In mice dLGN IN belong to a specialized lineage of neurons which are born during midterm of embryogenesis from a prethalamic progenitor domain, reside in the ventral LGN (vLGN) until birth and progressively incorporate into retinogeniculate circuits during the first postnatal week in an activity-dependent manner¹³. Based on molecular, morphological and electrophysiological properties it has been suggested that rodent dLGN IN represent a largely homogeneous cell population^13,26. Beside these unifying aspects, several factors may contribute to diverging findings in different species. While a linear relationship between firing rate and current injection with non-adapting fast tonic firing was described in IN from cat²⁷ and mice¹⁷, no tonic firing but oscillatory activity was seen in most IN in rats⁴. In the present study a linear input vs. firing rate was found for small current injections in addition to a number of complex firing patterns. This heterogeneity seems to be partially based on different recording techniques (intracellular sharp electrodes vs. patch clamp).
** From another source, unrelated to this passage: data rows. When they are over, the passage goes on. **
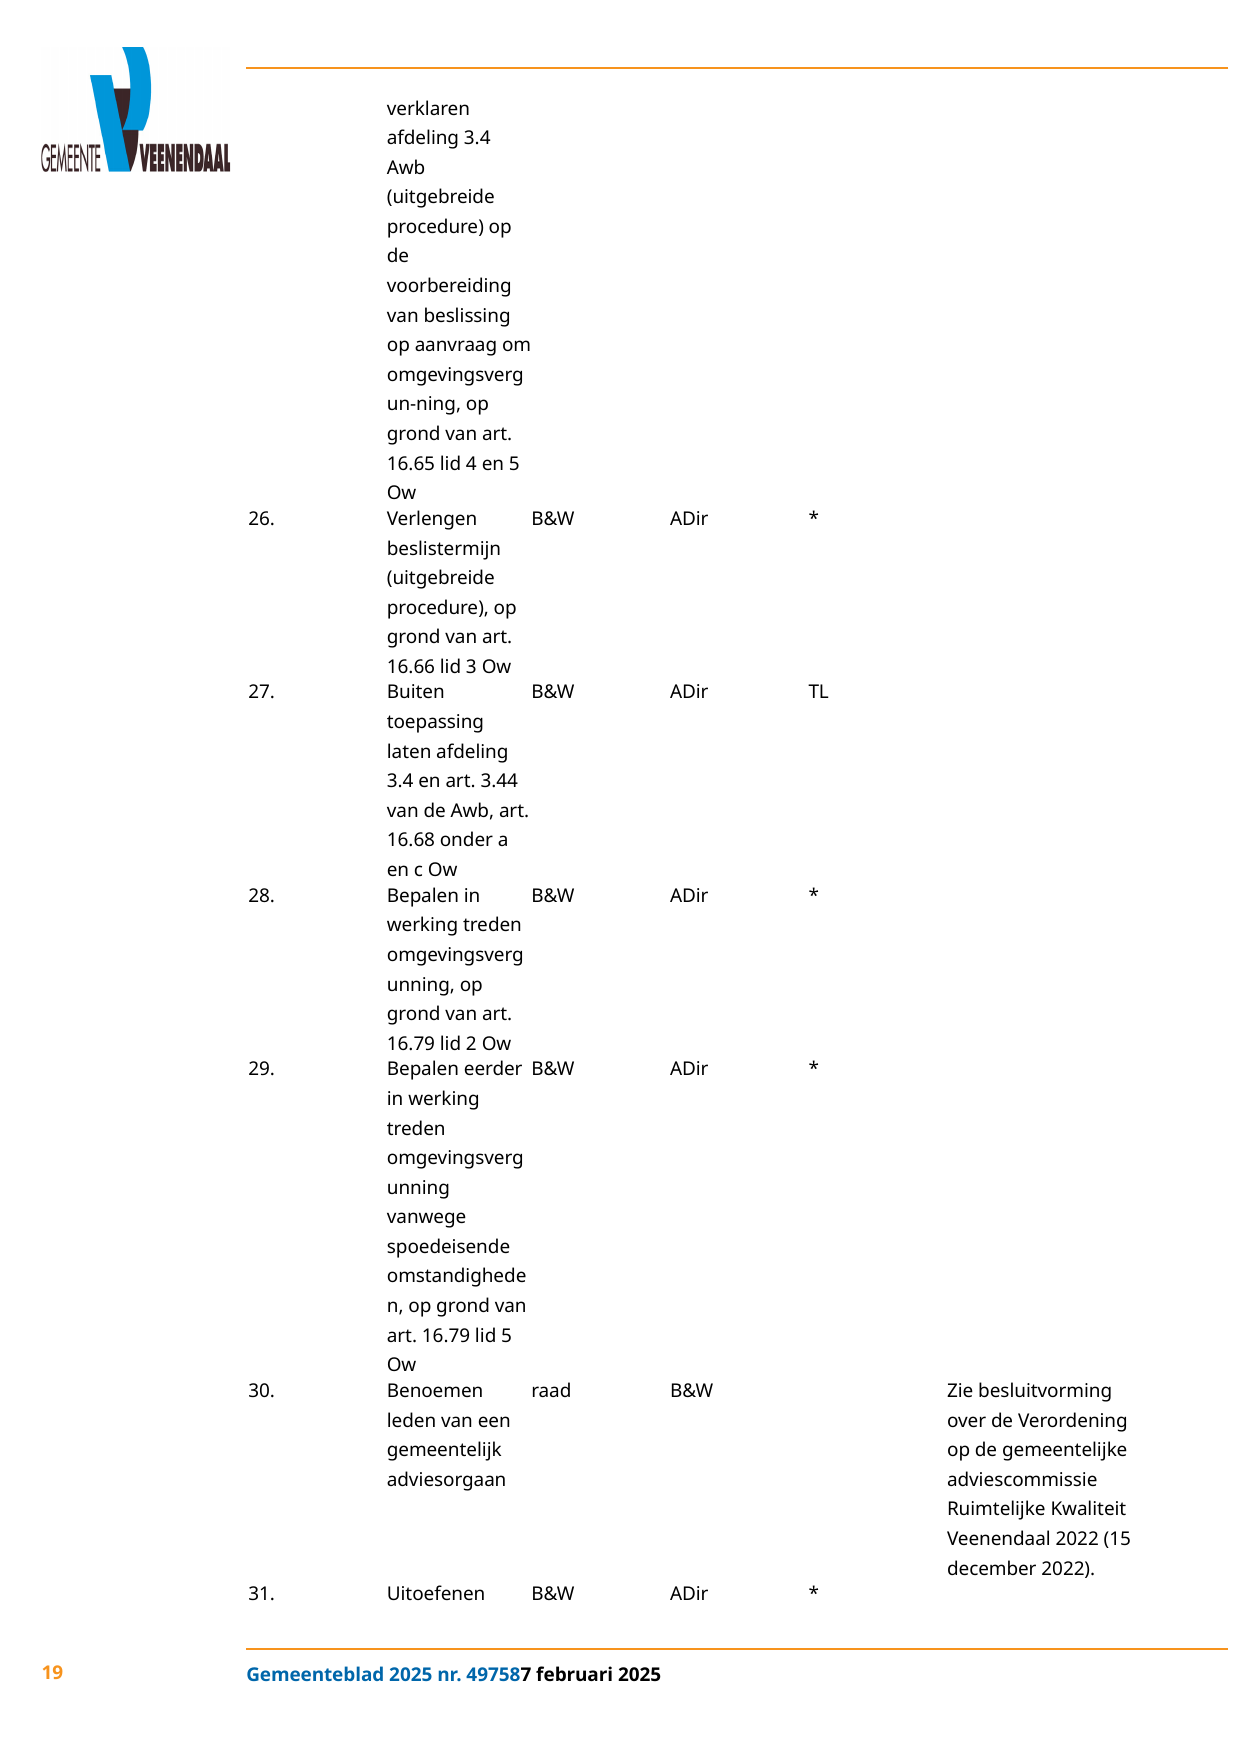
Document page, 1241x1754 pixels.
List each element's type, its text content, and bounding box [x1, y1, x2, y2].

table_cell [947, 505, 1152, 679]
picture [123, 47, 231, 172]
picture [41, 47, 130, 172]
table_cell Bepalen eerder in werking treden omgevingsvergunning vanwege spoedeisende omstandigheden, op grond van art. 16.79 lid 5 Ow [387, 1056, 531, 1377]
table_cell * [808, 882, 947, 1056]
table_cell [248, 882, 387, 1056]
table_cell [947, 1056, 1152, 1377]
table_cell Bepalen in werking treden omgevingsvergunning, op grond van art. 16.79 lid 2 Ow [387, 882, 531, 1056]
table_cell [670, 95, 808, 505]
table_cell [808, 1377, 947, 1580]
table_cell Zie besluitvorming over de Verordening op de gemeentelijke adviescommissie Ruimtelijke Kwaliteit Veenendaal 2022 (15 december 2022). [947, 1377, 1152, 1580]
table_cell B&W [531, 1056, 670, 1377]
table_cell B&W [531, 1580, 670, 1606]
table_cell verklaren afdeling 3.4 Awb (uitgebreide procedure) op de voorbereiding van beslissing op aanvraag om omgevingsvergun-ning, op grond van art. 16.65 lid 4 en 5 Ow [387, 95, 531, 505]
table_cell Verlengen beslistermijn (uitgebreide procedure), op grond van art. 16.66 lid 3 Ow [387, 505, 531, 679]
table_cell ADir [670, 1056, 808, 1377]
table_cell [947, 95, 1152, 505]
table_cell [808, 95, 947, 505]
table_cell [531, 95, 670, 505]
table_cell [248, 95, 387, 505]
table_cell * [808, 505, 947, 679]
table_cell [947, 882, 1152, 1056]
table_cell [947, 679, 1152, 882]
table_cell [248, 1377, 387, 1580]
table_cell [947, 1580, 1152, 1606]
table_cell ADir [670, 679, 808, 882]
table_cell [248, 679, 387, 882]
table_cell Buiten toepassing laten afdeling 3.4 en art. 3.44 van de Awb, art. 16.68 onder a en c Ow [387, 679, 531, 882]
table_cell * [808, 1056, 947, 1377]
table_cell [248, 1580, 387, 1606]
table_cell raad [531, 1377, 670, 1580]
table_cell B&W [670, 1377, 808, 1580]
table_cell [248, 505, 387, 679]
table_cell Benoemen leden van een gemeentelijk adviesorgaan [387, 1377, 531, 1580]
table_cell ADir [670, 1580, 808, 1606]
table_cell B&W [531, 505, 670, 679]
table_cell B&W [531, 679, 670, 882]
table_cell B&W [531, 882, 670, 1056]
table_cell ADir [670, 882, 808, 1056]
table_cell ADir [670, 505, 808, 679]
table_cell Uitoefenen [387, 1580, 531, 1606]
table_cell [248, 1056, 387, 1377]
table_cell TL [808, 679, 947, 882]
table_cell * [808, 1580, 947, 1606]
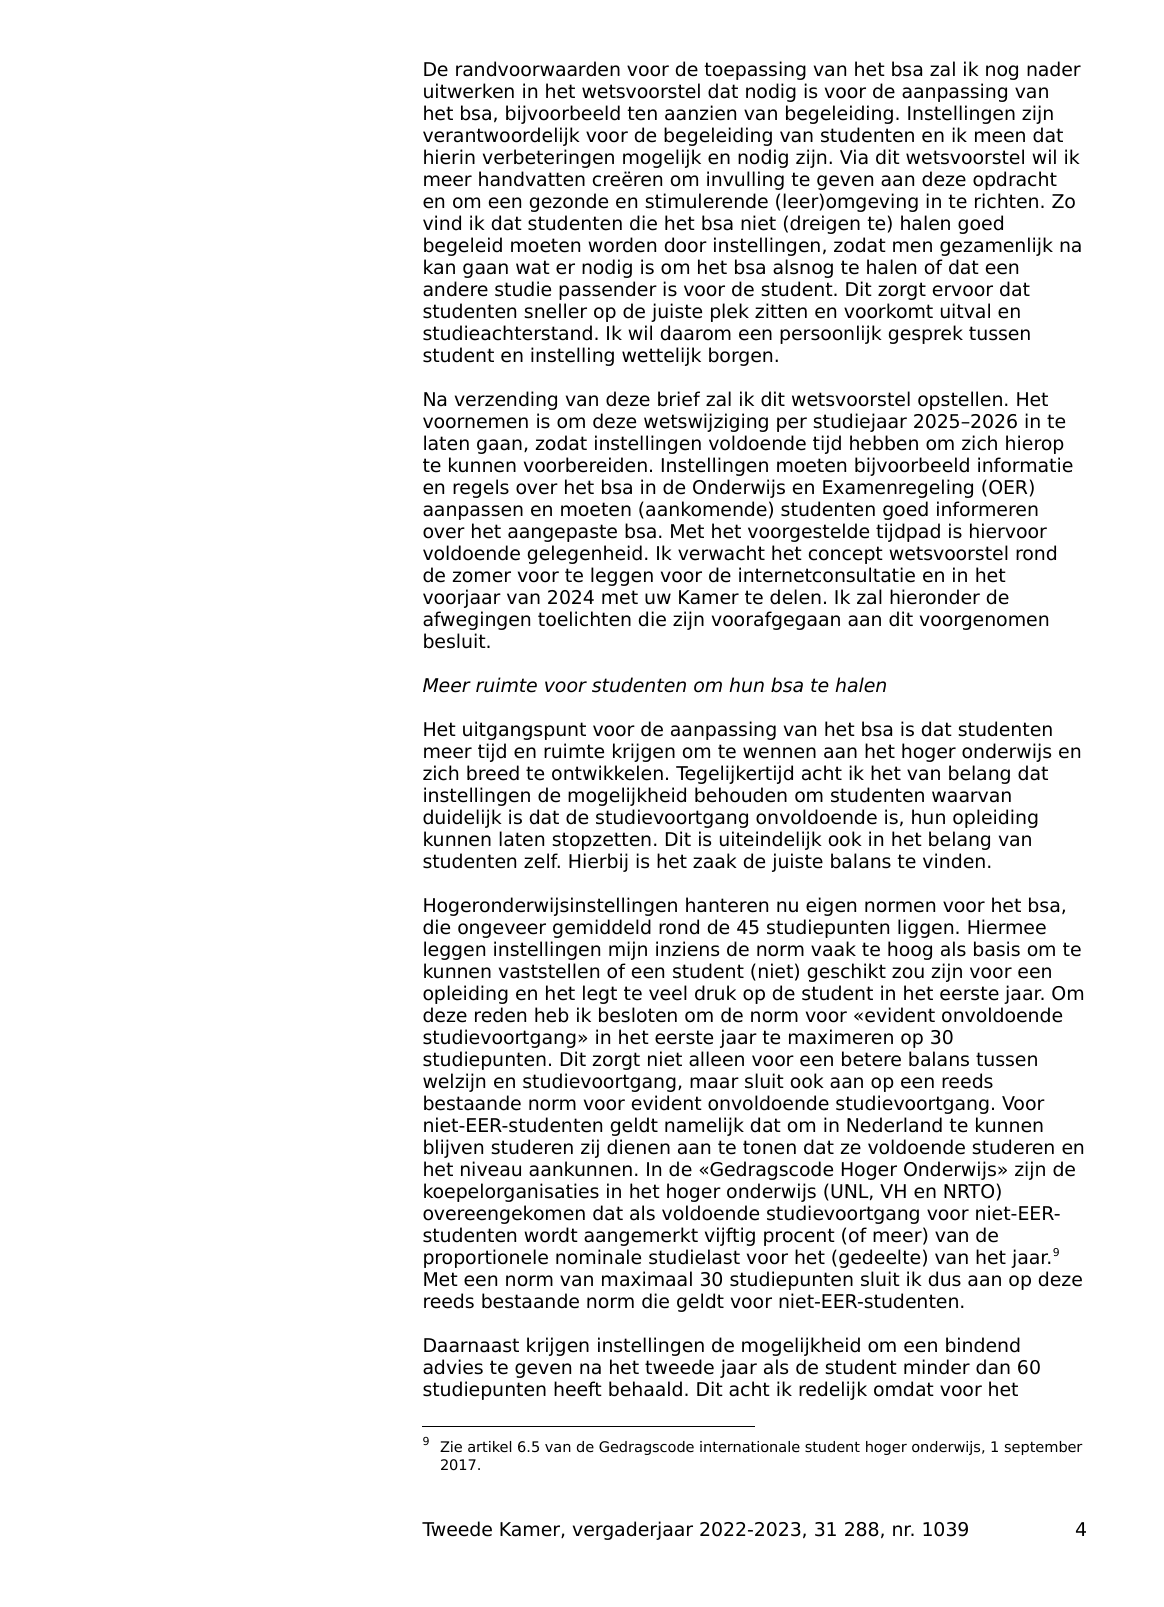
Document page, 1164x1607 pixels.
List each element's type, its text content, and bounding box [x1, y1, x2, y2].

text Hogeronderwijsinstellingen hanteren nu eigen normen voor het bsa, die ongeveer gemiddeld rond de 45 studiepunten liggen. Hiermee leggen instellingen mijn inziens de norm vaak te hoog als basis om te kunnen vaststellen of een student (niet) geschikt zou zijn voor een opleiding en het legt te veel druk op de student in het eerste jaar. Om deze reden heb ik besloten om de norm voor «evident onvoldoende studievoortgang» in het eerste jaar te maximeren op 30 studiepunten. Dit zorgt niet alleen voor een betere balans tussen welzijn en studievoortgang, maar sluit ook aan op een reeds bestaande norm voor evident onvoldoende studievoortgang. Voor niet-EER-studenten geldt namelijk dat om in Nederland te kunnen blijven studeren zij dienen aan te tonen dat ze voldoende studeren en het niveau aankunnen. In de «Gedragscode Hoger Onderwijs» zijn de koepelorganisaties in het hoger onderwijs (UNL, VH en NRTO) overeengekomen dat als voldoende studievoortgang voor niet-EER-studenten wordt aangemerkt vijftig procent (of meer) van de proportionele nominale studielast voor het (gedeelte) van het jaar. Met een norm van maximaal 30 studiepunten sluit ik dus aan op deze reeds bestaande norm die geldt voor niet-EER-studenten. [422, 895, 1087, 1313]
subtitle Meer ruimte voor studenten om hun bsa te halen [422, 675, 1087, 697]
text Het uitgangspunt voor de aanpassing van het bsa is dat studenten meer tijd en ruimte krijgen om te wennen aan het hoger onderwijs en zich breed te ontwikkelen. Tegelijkertijd acht ik het van belang dat instellingen de mogelijkheid behouden om studenten waarvan duidelijk is dat de studievoortgang onvoldoende is, hun opleiding kunnen laten stopzetten. Dit is uiteindelijk ook in het belang van studenten zelf. Hierbij is het zaak de juiste balans te vinden. [422, 719, 1087, 873]
text Zie artikel 6.5 van de Gedragscode internationale student hoger onderwijs, 1 september 2017. [422, 1435, 1087, 1474]
text De randvoorwaarden voor de toepassing van het bsa zal ik nog nader uitwerken in het wetsvoorstel dat nodig is voor de aanpassing van het bsa, bijvoorbeeld ten aanzien van begeleiding. Instellingen zijn verantwoordelijk voor de begeleiding van studenten en ik meen dat hierin verbeteringen mogelijk en nodig zijn. Via dit wetsvoorstel wil ik meer handvatten creëren om invulling te geven aan deze opdracht en om een gezonde en stimulerende (leer)omgeving in te richten. Zo vind ik dat studenten die het bsa niet (dreigen te) halen goed begeleid moeten worden door instellingen, zodat men gezamenlijk na kan gaan wat er nodig is om het bsa alsnog te halen of dat een andere studie passender is voor de student. Dit zorgt ervoor dat studenten sneller op de juiste plek zitten en voorkomt uitval en studieachterstand. Ik wil daarom een persoonlijk gesprek tussen student en instelling wettelijk borgen. [422, 59, 1087, 367]
text Daarnaast krijgen instellingen de mogelijkheid om een bindend advies te geven na het tweede jaar als de student minder dan 60 studiepunten heeft behaald. Dit acht ik redelijk omdat voor het [422, 1335, 1087, 1401]
text Na verzending van deze brief zal ik dit wetsvoorstel opstellen. Het voornemen is om deze wetswijziging per studiejaar 2025–2026 in te laten gaan, zodat instellingen voldoende tijd hebben om zich hierop te kunnen voorbereiden. Instellingen moeten bijvoorbeeld informatie en regels over het bsa in de Onderwijs en Examenregeling (OER) aanpassen en moeten (aankomende) studenten goed informeren over het aangepaste bsa. Met het voorgestelde tijdpad is hiervoor voldoende gelegenheid. Ik verwacht het concept wetsvoorstel rond de zomer voor te leggen voor de internetconsultatie en in het voorjaar van 2024 met uw Kamer te delen. Ik zal hieronder de afwegingen toelichten die zijn voorafgegaan aan dit voorgenomen besluit. [422, 389, 1087, 653]

However, other factors may contribute, including complex branching pattern of IN in mice¹⁷ thereby influencing the electrical compactness, the degree of intracellular Ca²⁺ buffering used for patch clamping, and the availability of I_h. An increased I_h conductance is associated with facilitation of repetitive AP generation and rebound bursting¹⁴. High Ca²⁺ buffering conditions are associated with a decrease in the number of fired AP but an increase in the complexity of observable firing pattern⁴⁴. The latter is in agreement with the multiple firing patterns found in the present study. Furthermore, mathematical modeling suggested that relative differences in conductance values of ion channels, rather than differences in ion channel composition account for distinctions in IN firing properties. This is in line with the present findings and indicates that IN have rather homogenous gene expression profiles¹³.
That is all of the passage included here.